(RECORDS FOR THIS TASK begins)

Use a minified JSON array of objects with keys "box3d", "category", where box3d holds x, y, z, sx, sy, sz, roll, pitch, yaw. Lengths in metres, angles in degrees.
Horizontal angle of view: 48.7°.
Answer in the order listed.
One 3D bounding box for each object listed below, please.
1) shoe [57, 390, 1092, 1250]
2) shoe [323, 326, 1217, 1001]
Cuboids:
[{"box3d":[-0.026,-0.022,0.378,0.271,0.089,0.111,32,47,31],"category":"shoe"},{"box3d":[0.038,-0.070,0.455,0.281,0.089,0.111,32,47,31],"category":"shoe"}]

(RECORDS FOR THIS TASK ends)
(RECORDS FOR THIS TASK begins)

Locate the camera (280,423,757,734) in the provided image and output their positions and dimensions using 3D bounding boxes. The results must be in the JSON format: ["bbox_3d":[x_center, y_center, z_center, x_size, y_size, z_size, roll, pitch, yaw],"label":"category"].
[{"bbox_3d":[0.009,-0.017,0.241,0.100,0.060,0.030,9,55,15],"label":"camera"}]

(RECORDS FOR THIS TASK ends)
(RECORDS FOR THIS TASK begins)

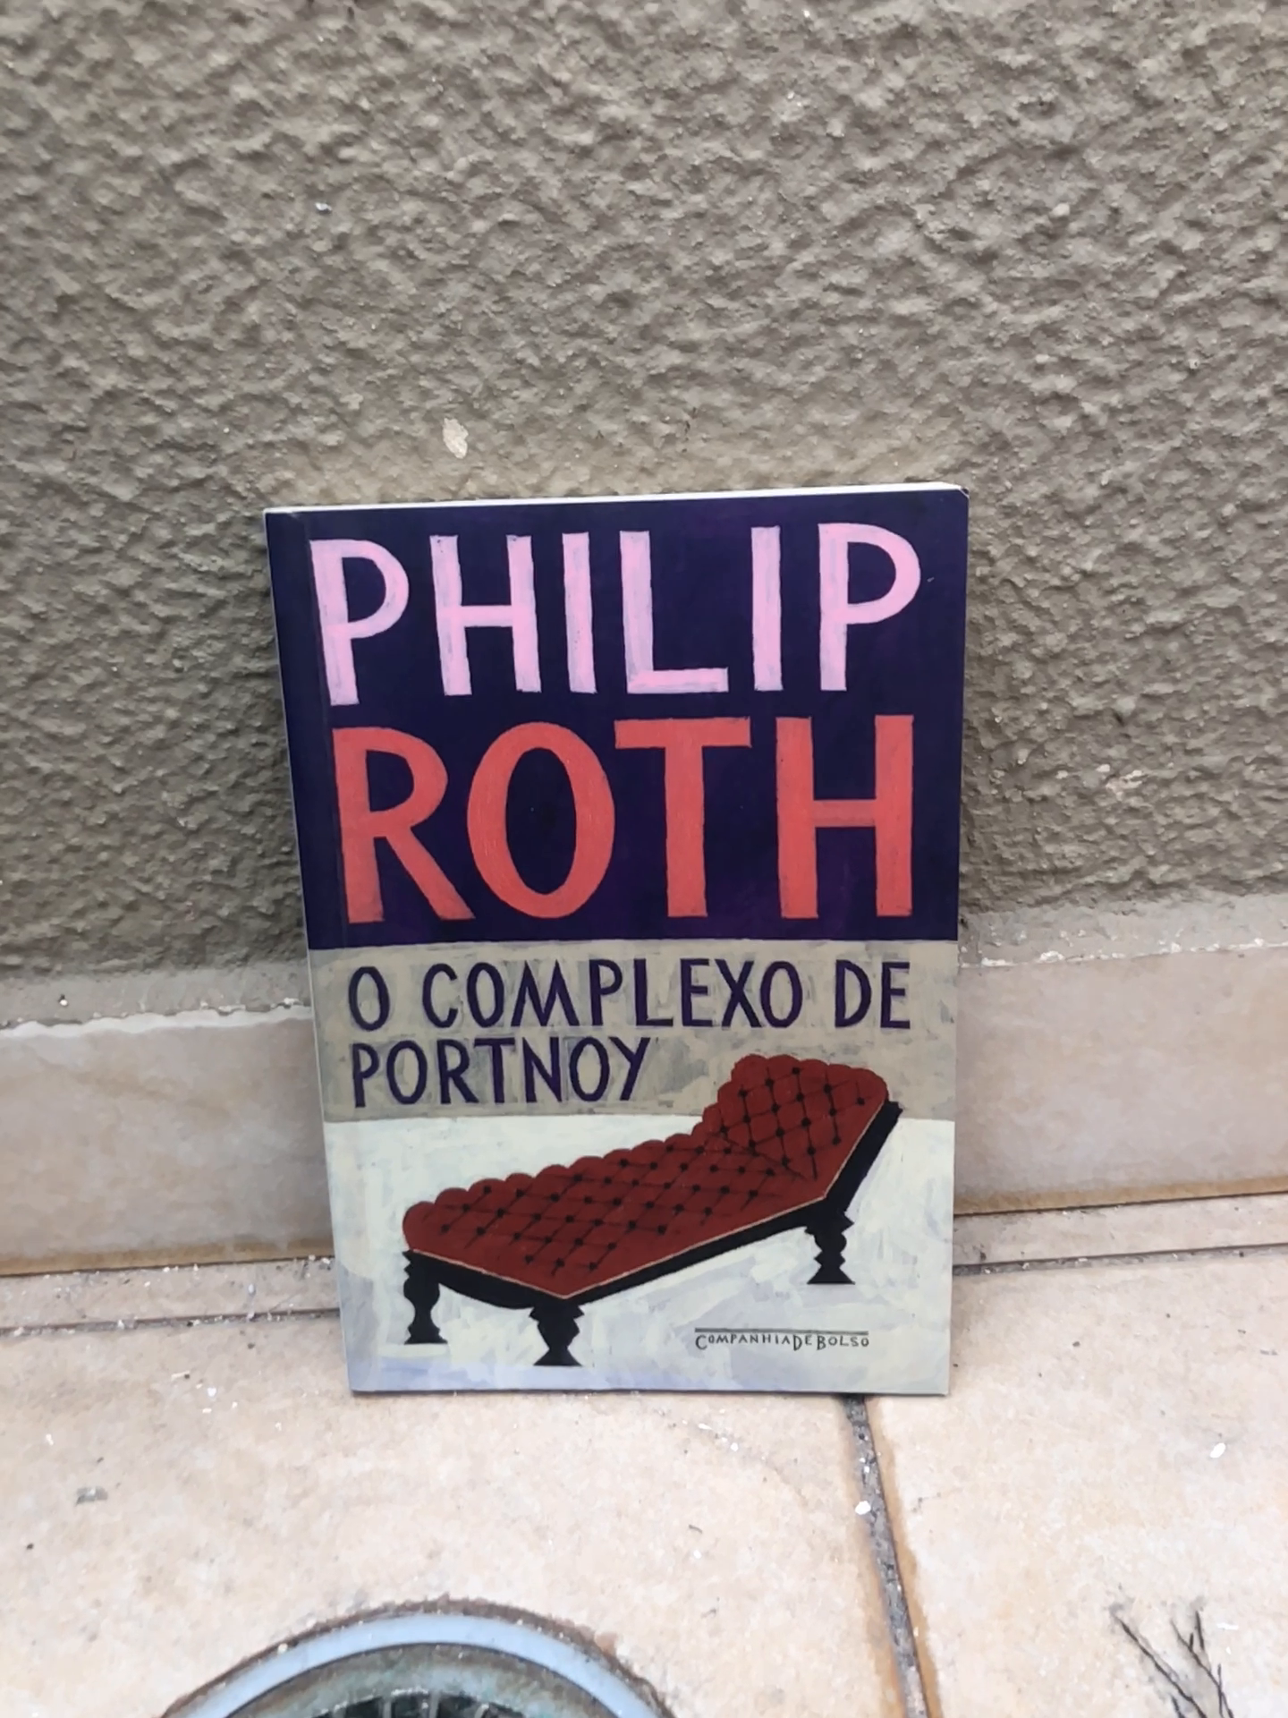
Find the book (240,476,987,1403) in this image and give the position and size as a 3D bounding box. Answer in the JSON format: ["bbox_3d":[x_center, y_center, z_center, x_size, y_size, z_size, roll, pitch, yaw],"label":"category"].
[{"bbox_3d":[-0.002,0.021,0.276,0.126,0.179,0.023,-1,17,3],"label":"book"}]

(RECORDS FOR THIS TASK ends)

» **WORK TO COMPLETE**:
Would you please copy, word for word, everything above from the line containing "Use a minified" down to the line containing "2) shoe [323, 326, 1217, 1001]", those two lines included?

» **OUTPUT OF THE EXERCISE**:
Use a minified JSON array of objects with keys "box3d", "category", where box3d holds x, y, z, sx, sy, sz, roll, pitch, yaw. Lengths in metres, angles in degrees.
Horizontal angle of view: 48.7°.
Answer in the order listed.
One 3D bounding box for each object listed below, please.
1) shoe [57, 390, 1092, 1250]
2) shoe [323, 326, 1217, 1001]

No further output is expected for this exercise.